Segundo a portaria, o auxílio-doença de R$ 1.045 será pago a quem tiver protocolado o pedido administrativo até 31 de outubro de 2020. Além disso, os efeitos financeiros da medida não podem passar de 31 de dezembro deste anoAtestado

Para receber o auxílio antecipado, o segurado deve ter um atestado seguindo as regras da Previdência:

  1. Estar legível e sem rasuras
  2. Conter a assinatura do médico que o emitiu, com seu carimbo de identificação e número de registro no conselho da categoria ou no Ministério da Saúde
  3. Conter as informações sobre a doença ou a CID (Classificação Internacional de Doenças)
  4. Ter o período estimado de repouso necessário

O documento deve ser anexado no pedido feito pela internet, no Portal Meu INSS ou pelo aplicativo de celular. Ele será avaliado por um perito do INSS, por isso, a dica é fazer a foto em um ambiente iluminado e sem que esteja borrada para que o profissional possa analisá-lo e liberar a renda.

Atestados com rasuras e documentos sem que seja possível ler o que está escrito estão entre os motivos de negativa do auxílio. Atualmente, há 214 mil pedidos aguardando liberação.

O adiantamento de R$ 1.045 poderá ser ampliado, caso o segurado siga doente e faça o pedido antes do fim do prazo.
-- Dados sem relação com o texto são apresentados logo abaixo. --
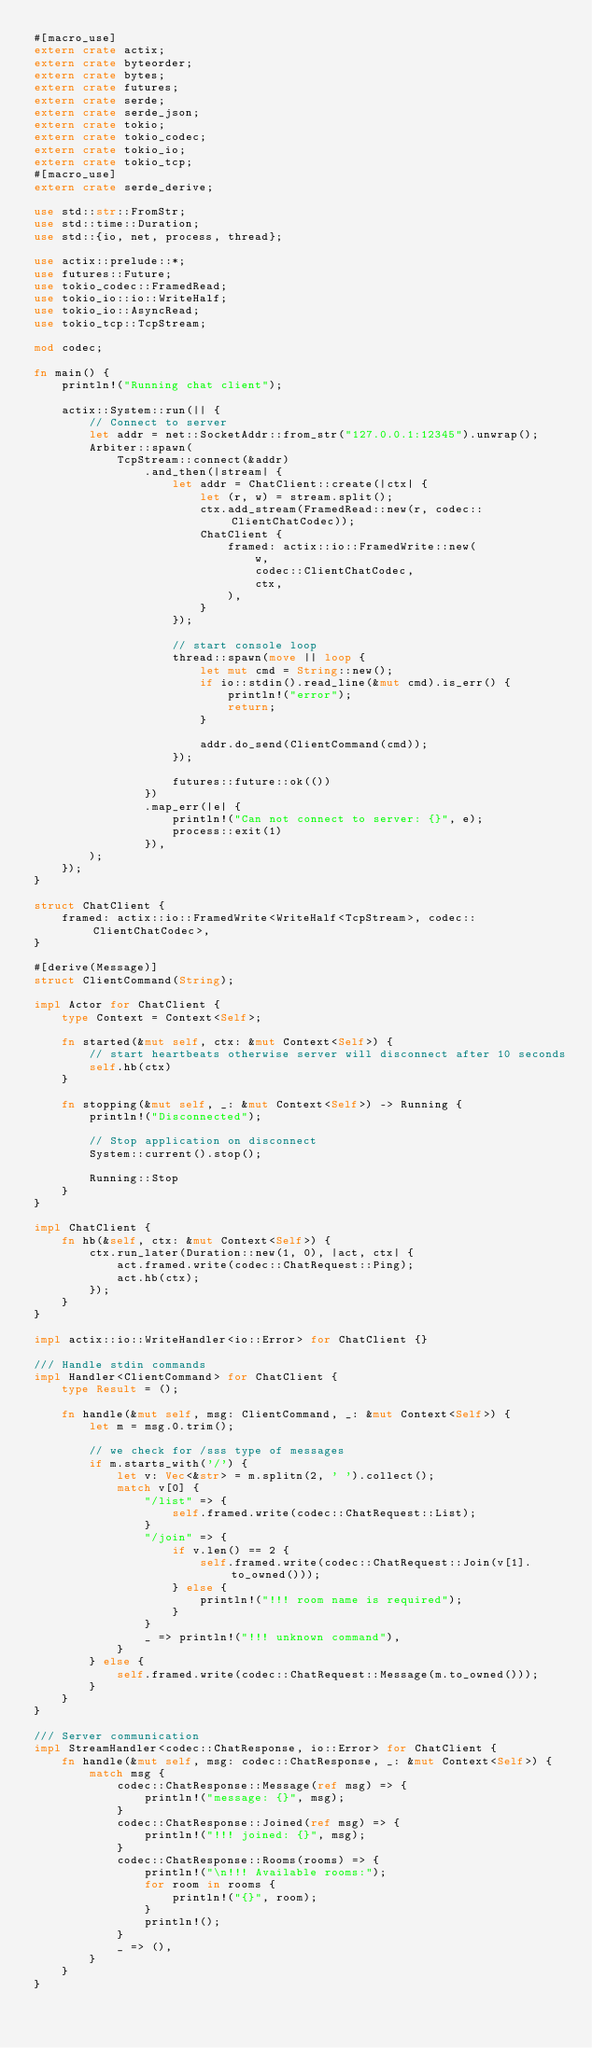Convert code to text. <code><loc_0><loc_0><loc_500><loc_500><_Rust_>#[macro_use]
extern crate actix;
extern crate byteorder;
extern crate bytes;
extern crate futures;
extern crate serde;
extern crate serde_json;
extern crate tokio;
extern crate tokio_codec;
extern crate tokio_io;
extern crate tokio_tcp;
#[macro_use]
extern crate serde_derive;

use std::str::FromStr;
use std::time::Duration;
use std::{io, net, process, thread};

use actix::prelude::*;
use futures::Future;
use tokio_codec::FramedRead;
use tokio_io::io::WriteHalf;
use tokio_io::AsyncRead;
use tokio_tcp::TcpStream;

mod codec;

fn main() {
    println!("Running chat client");

    actix::System::run(|| {
        // Connect to server
        let addr = net::SocketAddr::from_str("127.0.0.1:12345").unwrap();
        Arbiter::spawn(
            TcpStream::connect(&addr)
                .and_then(|stream| {
                    let addr = ChatClient::create(|ctx| {
                        let (r, w) = stream.split();
                        ctx.add_stream(FramedRead::new(r, codec::ClientChatCodec));
                        ChatClient {
                            framed: actix::io::FramedWrite::new(
                                w,
                                codec::ClientChatCodec,
                                ctx,
                            ),
                        }
                    });

                    // start console loop
                    thread::spawn(move || loop {
                        let mut cmd = String::new();
                        if io::stdin().read_line(&mut cmd).is_err() {
                            println!("error");
                            return;
                        }

                        addr.do_send(ClientCommand(cmd));
                    });

                    futures::future::ok(())
                })
                .map_err(|e| {
                    println!("Can not connect to server: {}", e);
                    process::exit(1)
                }),
        );
    });
}

struct ChatClient {
    framed: actix::io::FramedWrite<WriteHalf<TcpStream>, codec::ClientChatCodec>,
}

#[derive(Message)]
struct ClientCommand(String);

impl Actor for ChatClient {
    type Context = Context<Self>;

    fn started(&mut self, ctx: &mut Context<Self>) {
        // start heartbeats otherwise server will disconnect after 10 seconds
        self.hb(ctx)
    }

    fn stopping(&mut self, _: &mut Context<Self>) -> Running {
        println!("Disconnected");

        // Stop application on disconnect
        System::current().stop();

        Running::Stop
    }
}

impl ChatClient {
    fn hb(&self, ctx: &mut Context<Self>) {
        ctx.run_later(Duration::new(1, 0), |act, ctx| {
            act.framed.write(codec::ChatRequest::Ping);
            act.hb(ctx);
        });
    }
}

impl actix::io::WriteHandler<io::Error> for ChatClient {}

/// Handle stdin commands
impl Handler<ClientCommand> for ChatClient {
    type Result = ();

    fn handle(&mut self, msg: ClientCommand, _: &mut Context<Self>) {
        let m = msg.0.trim();

        // we check for /sss type of messages
        if m.starts_with('/') {
            let v: Vec<&str> = m.splitn(2, ' ').collect();
            match v[0] {
                "/list" => {
                    self.framed.write(codec::ChatRequest::List);
                }
                "/join" => {
                    if v.len() == 2 {
                        self.framed.write(codec::ChatRequest::Join(v[1].to_owned()));
                    } else {
                        println!("!!! room name is required");
                    }
                }
                _ => println!("!!! unknown command"),
            }
        } else {
            self.framed.write(codec::ChatRequest::Message(m.to_owned()));
        }
    }
}

/// Server communication
impl StreamHandler<codec::ChatResponse, io::Error> for ChatClient {
    fn handle(&mut self, msg: codec::ChatResponse, _: &mut Context<Self>) {
        match msg {
            codec::ChatResponse::Message(ref msg) => {
                println!("message: {}", msg);
            }
            codec::ChatResponse::Joined(ref msg) => {
                println!("!!! joined: {}", msg);
            }
            codec::ChatResponse::Rooms(rooms) => {
                println!("\n!!! Available rooms:");
                for room in rooms {
                    println!("{}", room);
                }
                println!();
            }
            _ => (),
        }
    }
}
</code>

Se tiver direito a um auxílio maior, o trabalhador receberá a diferença depois, quando o instituto reabrir as agências e o segurado passar por perícia.

  Segurado passará por perícia para ter valor maior

Os segurados que têm direito ao auxílio-doença em valor maior do que um salário mínimo (de R$ 1.045 neste ano) poderão receber as diferenças devidas futuramente, mas apenas após passar por perícia médica.

Segundo as regras do INSS, o que vem sendo realizado no período de pandemia, em que as agências da Previdência estão fechadas, é uma perícia indireta, em que o médico perito analisa a validade do atestado e o tempo de afastamento previsto para a doença.

A perícia presencial, como ocorria antes da pandemia, deverá ser retomada e feita nos trabalhadores que receberam o benefício.

Segundo a advogada Adriane Bramante, presidente do IBDP (Instituto Brasileiro de Direito Previdenciário), o segurado deve ficar atento às regulamentações do INSS sobre o auxílio-doença neste período de pandemia, em que os postos estão fechados.

Esta tem sido a forma de detalhar como o serviço está sendo oferecido. “Tendo em vista a prorrogação do fechamento das agências, que devem retornar só em setembro, foi necessário estender o período de auxílio-doença temporário já que as perícias presencias não estão sendo feitas”, afirma a especialista.